KOTOMONO.CO – Toxic productivity jadi permasalahan kesehatan mental yang rentan dialami oleh generasi Z.
Pernahkah kalian merasa bersalah pada saat tidak melakukan kegiatan apapun seharian? Pernahkah kalian tidak istirahat dari berkegiatan padahal pekerjaan yang kalian lakukan sudah selesai? Pernahkah kalian berkegiatan secara terus-menerus dan mengabaikan kesehatan? Jika kalian pernah mengalami hal tersebut, kalian wajib berhati-hati loh! Barangkali tanpa kalian sadari, kalian sedang mengalami kondisi yang bernama toxic productivity tuh.
Menurut Dr. Julie Smith, seorang psikolog klinis dari Hampshire, Inggris, mengatakan bahwa toxic productivity adalah sebuah obsesi untuk mengembangkan diri dan merasa selalu bersalah jika tidak bisa melakukan banyak hal.

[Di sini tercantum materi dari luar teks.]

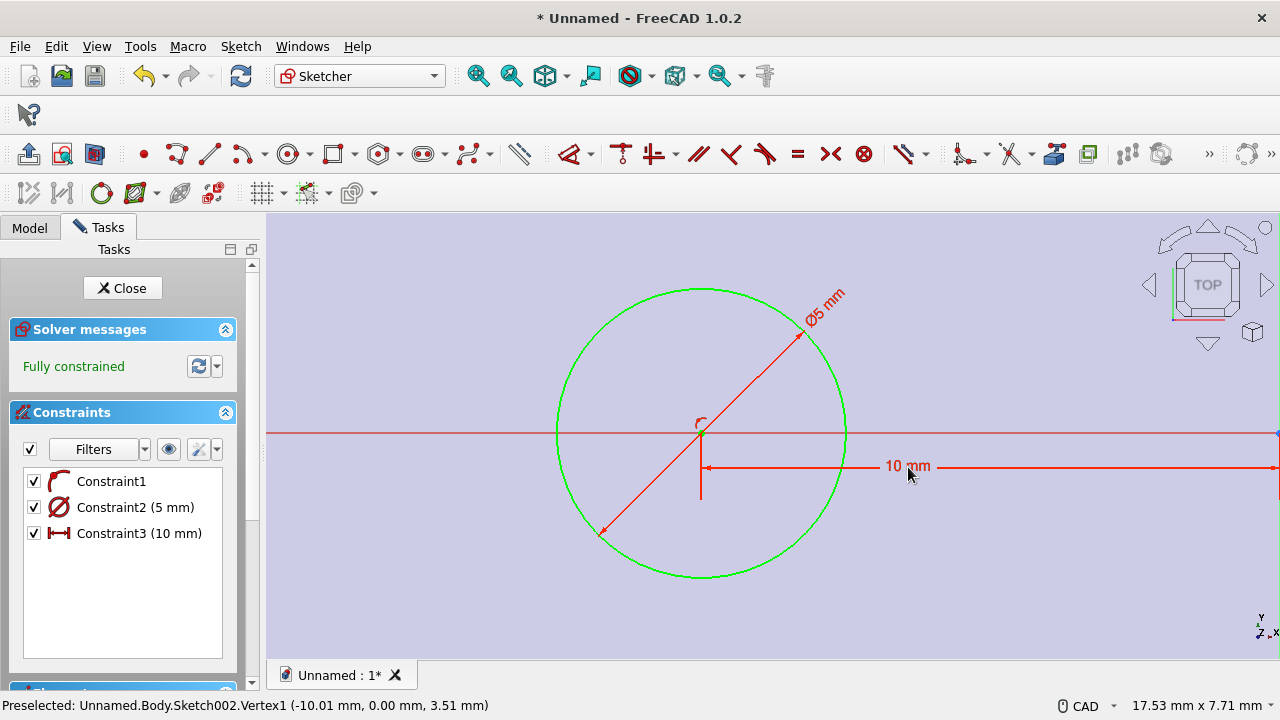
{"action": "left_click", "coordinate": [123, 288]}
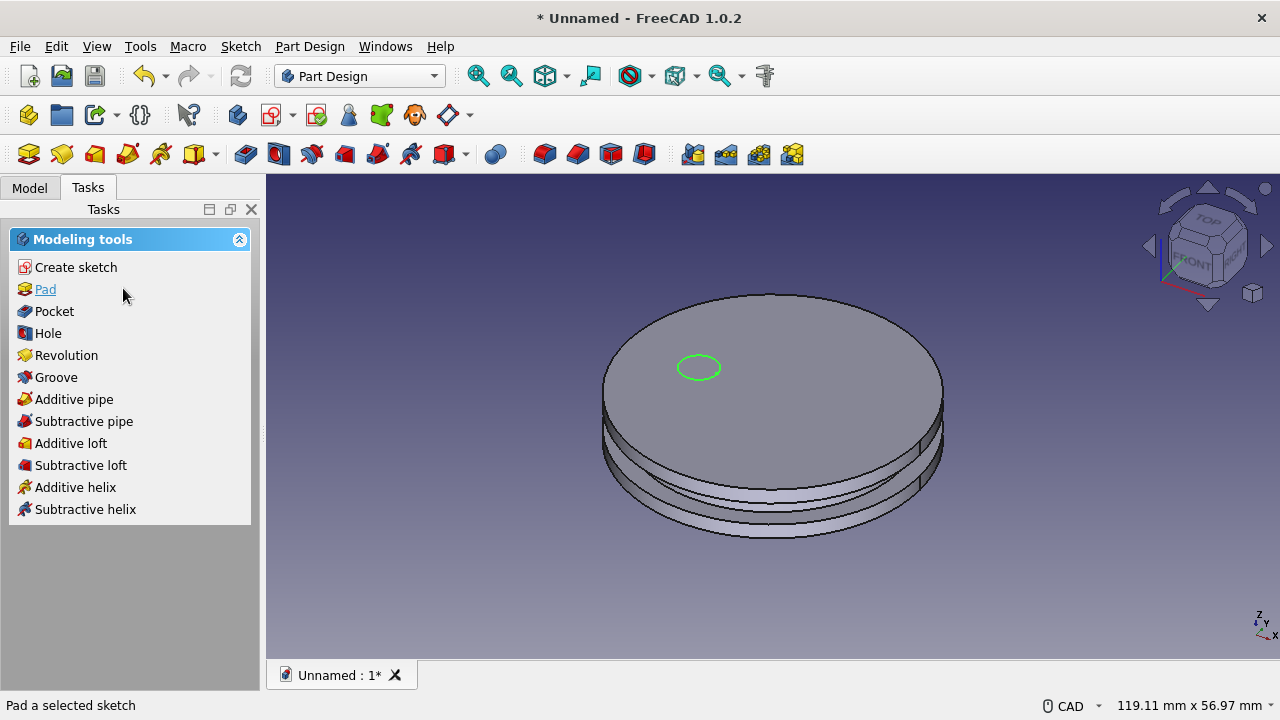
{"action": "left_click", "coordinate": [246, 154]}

Toxic productivity lahir dari budaya yang menganggap bahwa tingkat kesejahteraan seseorang dinilai dari tingkat produktivitas yang tinggi. Hal ini berakibat pada semakin banyak individu yang berlomba-lomba untuk mengejar produktivitas tanpa henti, contohnya adalah fenomena yang terjadi pada generasi Z.
Menurut Badan Pusat Statistika tahun 2021, generasi Z adalah mereka yang lahir pada rentang tahun 1997-2012 atau berusia 10-25 tahun. Dalam survei yang dilakukan oleh Harris Poll, menunjukkan bahwa generasi Z merupakan generasi yang kreatif dan seorang digital native. Dimana mereka tumbuh dan berkembang berdampingan bersama digital yang secara perkembangannya sangat cepat.
Perkembangan digital saat ini sangat mempengaruhi pola pikir dan perilaku generasi Z. Dengan begitu, generasi Z dikenal juga sebagai generasi yang kompetitif sehingga mereka cenderung gila kerja hanya untuk eksistensi semata di kalangan rekan sejawatnya.
BACA JUGA: Menelisik Evolusi Jati Diri Antar Generasi
Contoh sederhananya adalah ketika mereka melihat kegiatan-kegiatan yang produktif dari rekan sejawatnya melalui Instagram Stories atau WhatsApp Stories di setiap harinya. Mereka akan memuji rekannya karena memiliki hari-hari yang selalu produktif dan tanpa mereka sadari mereka akan mengadopsi apa yang mereka lihat ke dalam kesehariannya dan ketika sehari saja mereka tidak melakukan kegiatan seperti rekannya, mereka akan merasa bersalah.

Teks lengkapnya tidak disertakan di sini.